Figure 7: Bootstrap sensitivity analysis demonstrating methodological robustness for fit statistics aggregation.

Figure 8: SEPC analysis of latent structure misfit quantifies underestimation and overestimation of inter-benchmark relationships.

Figure 9: SEPC map post residual variance freeing, indicating item-level local dependence and misspecification.

Figure 10: Effect size change diagram reveals latent structure under-/overestimation by freeing residual variance per benchmark.

Implications and Future Directions

Measurement-Theoretic Reframing

This work reframes AI benchmark ecosystems as measurement systems requiring explicit psychometric modeling and statistical validation. Benchmarks should not be treated as independent test suites; their scores reflect interrelated latent abilities and artifact-induced confounding. Methodological rigor—variance decomposition, latent structure hypothesis testing, and noise-controlled inference—is essential for credible claims regarding model capability, scaling, and training intervention efficacy.

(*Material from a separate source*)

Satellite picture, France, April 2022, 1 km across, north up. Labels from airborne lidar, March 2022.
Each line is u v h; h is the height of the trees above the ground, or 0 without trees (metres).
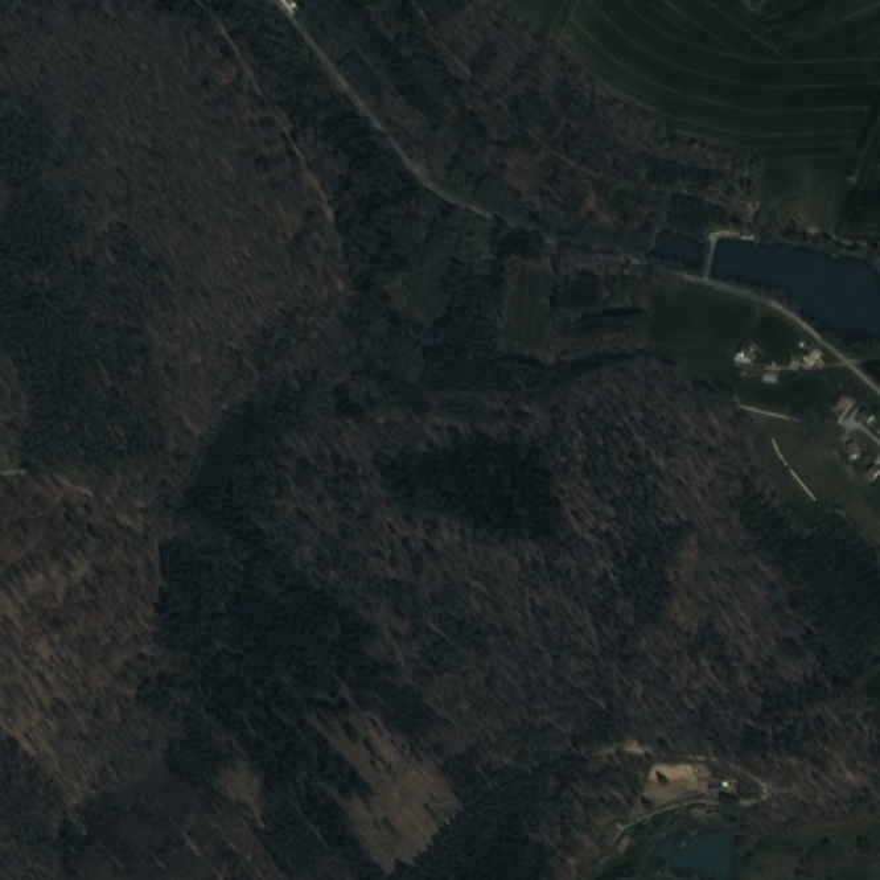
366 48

Reliability and Trustworthy Rankings

Reliability of leaderboard rankings is conditional on ecosystem features. The prominent contributor effect suggests that human-driven implementation decisions (data mixtures, fine-tuning recipes, documentation) are more influential than architecture or deployment alone. Researchers focused on architecture-centric evaluation should treat provenance as a nuisance and adjust uncertainty accordingly.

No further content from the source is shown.